Faking It
On the roles we feel compelled to play, even in the privacy of our own minds
When I read through old diaries, a lot of things leap out: The painful insecurities. The overwrought angst. The absurdities of life. But one epiphany plagues me like no other: Even in my most private musings, I struggled to let my guard down. Remove all the masks. Stop fucking performing.
It’s a problem I’m still working on, even at this supposedly enlightened stage of life. Especially as time marches on and I feel the exhaustion of the roles I’ve played sucking the energy right out of me, way more than old age ever could.
As a Gen-Xer in particular, I feel like I’ve had a false concept of success shoved down my throat for decades, measured by job title, income level, social status, clothing size…productivity, productivity, productivity. AND THEN? I get the wellness industry (of which I have tragically been a part), swooping in to sell me an overpriced antidote.
Of course, the first step in recovery is admitting I have a problem, so: Hi, my name is Alexa, and I’m full of shit. This Substack, among other things, is my rehab. My attempt to detox from outside expectations, real or imagined. Even if it also qualifies as a wellness expense, I suppose...?

But I’m getting ahead of myself. Back to those diaries…

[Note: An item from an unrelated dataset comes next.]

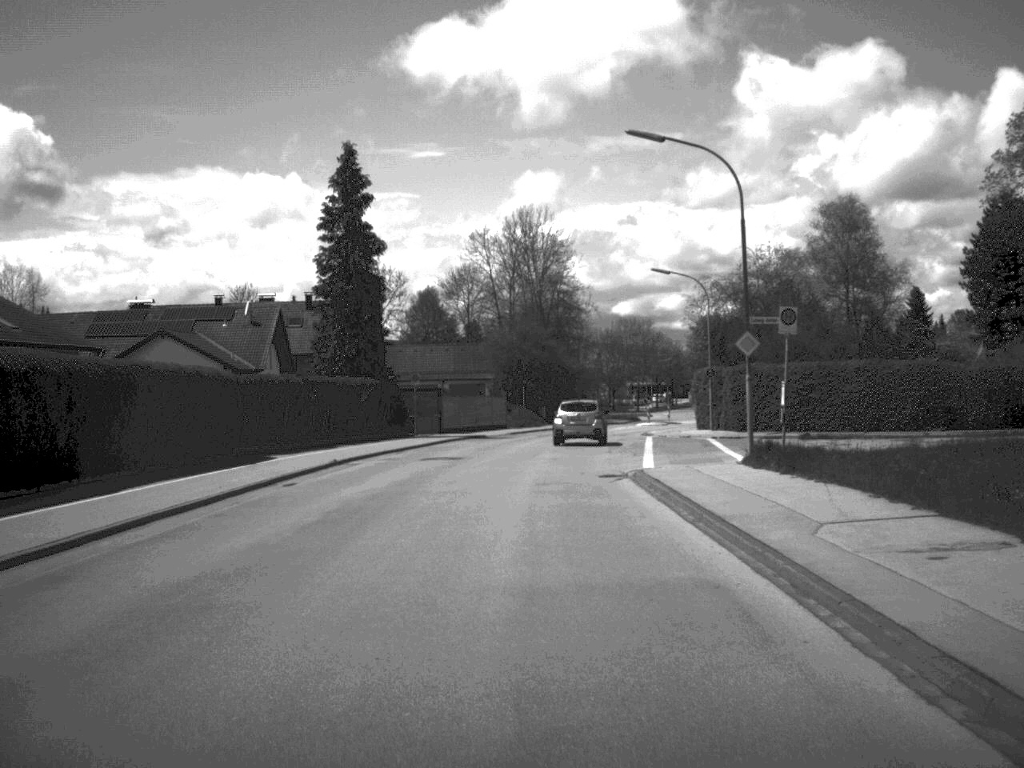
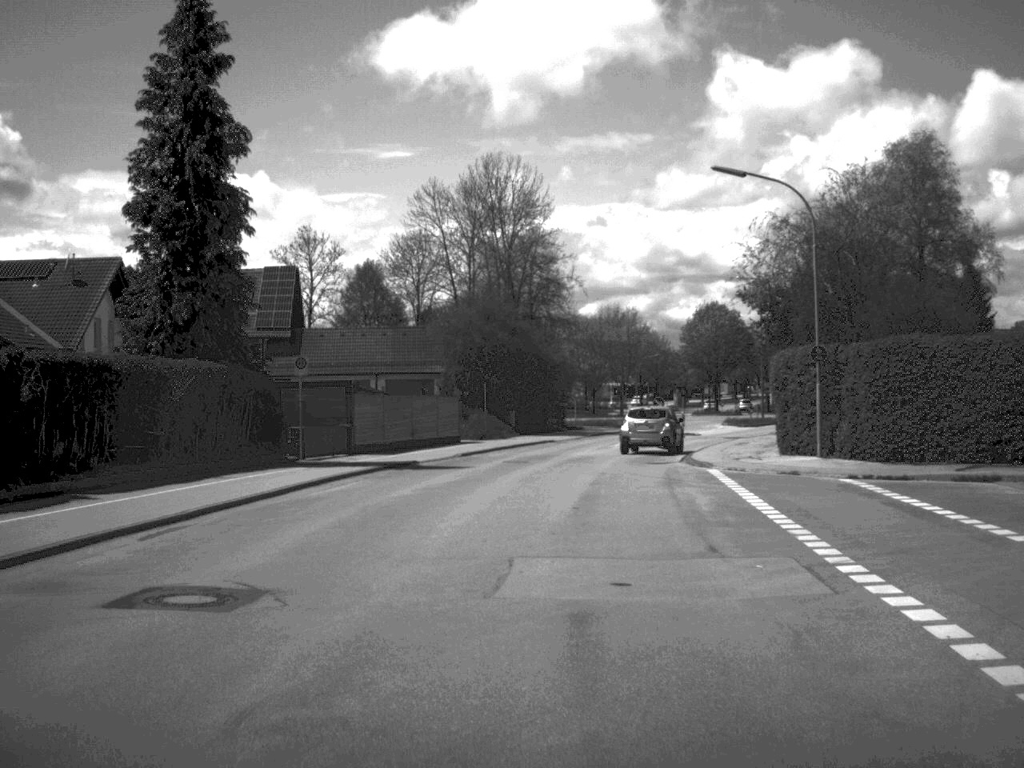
(+0.1, +24.5) m; +2°
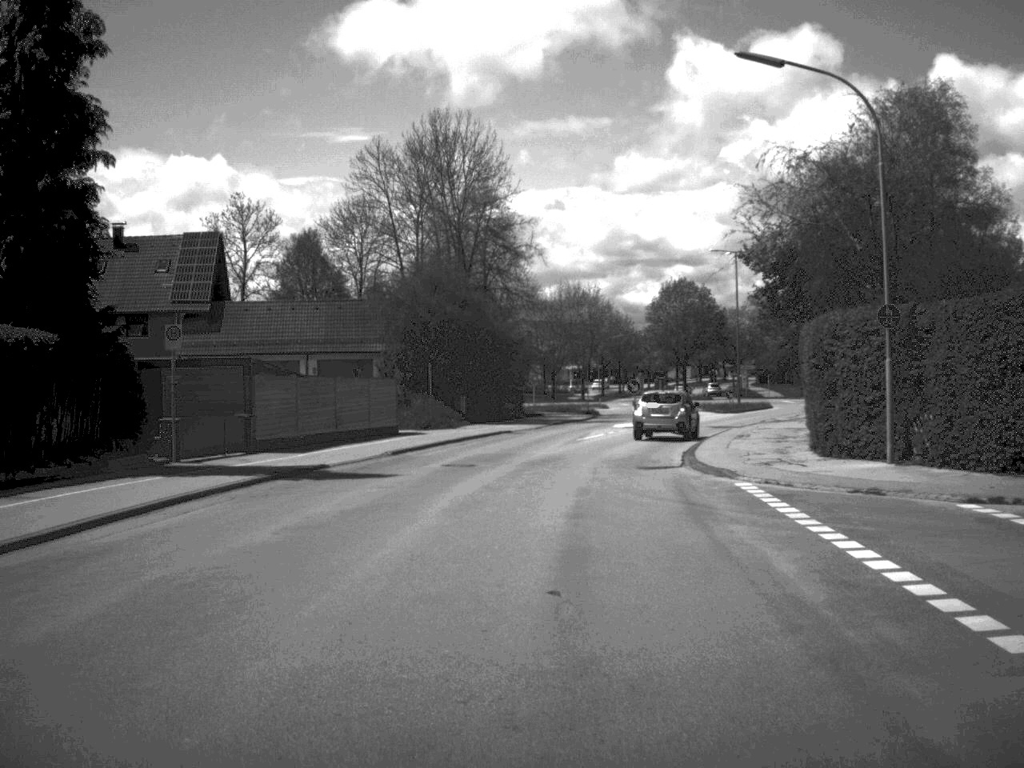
(+0.2, +9.2) m; +2°

In leafing through them, I cringe at the posturing, and how I seemed to polish every word. It’s like I was writing for an audience seated in the VIP section of my mind, ready to pounce if things weren’t presented just-so. Almost as if I was terrified somebody would read every line (you know, before I posted it online all these years later) and then punish me for being bad or weird or whatever.
Born of Frustration
I guess some of that fear makes sense in the context of my childhood. I was the emotional one, frequently criticized for crying without cause and failing to be happy enough, grateful enough, ambitious enough. I was almost always doing something wrong, intentional or not, and then paying the price. (Who remembers getting smacked with belts or hairbrushes, or getting their mouth washed out with soap? Mine was clean as a fucking whistle, thanks be to Irish Spring.)
It probably didn’t help that my family often told me I was adopted. Of course they were only kidding, but I half expected some dark secret to be revealed when I took a DNA test not long ago. (Truth Hurts? I was 100 percent that bitch.)
Bottom line: I struggled to fit in.
I have such clear memories of sitting around the white tulip table at dinnertime, practicing clever quips in my head. If I appeared smart or elicited a laugh, maybe I’d feel like a true member of the tribe (so to speak). While the news played on our tiny TV, I would furrow my brow and nod in agreement as my parents discussed war in the middle east and how the president was fucking everything up (amazing how times have changed).
When Wheel of Fortune came on, we competed to solve the puzzles, and I occasionally got one right. But, my stress levels skyrocketed during Jeopardy! I was desperate to get the answer in the form of a question, and don’t think I ever did. My brother, on the other hand, was like Alex Trebek with a bowl-cut, and Mom would cheer when he proved his intellectual prowess, praising him for being “the first-born of a first-born and a first-born.”
I was the surly little sister with “second sibling syndrome” (my mother diagnosed me with it at least once a week) — especially when I was being too sensitive or jealous. On one particularly dejected occasion, I went so far as to carve my brother’s name into our piano to get him in trouble. And it worked! Decades later, when I mentioned the incident in a birthday card, he said “I knew that was you!” I think he was legit mad I hadn’t copped to it earlier (though we do laugh about it, and so many other things, now).
Since I’d already been branded a little shit, I fully embodied my black sheep identity, stealing money from my mom’s (and the cleaning lady’s) purse, shoplifting, and doing my best impression of a juvenile delinquent. I also careened from one social identity to another: Cheerleader, honors student, theater geek, and everything in between. Most groups accepted me into the fold, but that sense of belonging still proved elusive. (I was crowned Class Clown and Biggest Chauvinist in the senior yearbook, which I guess sort of sums it up?)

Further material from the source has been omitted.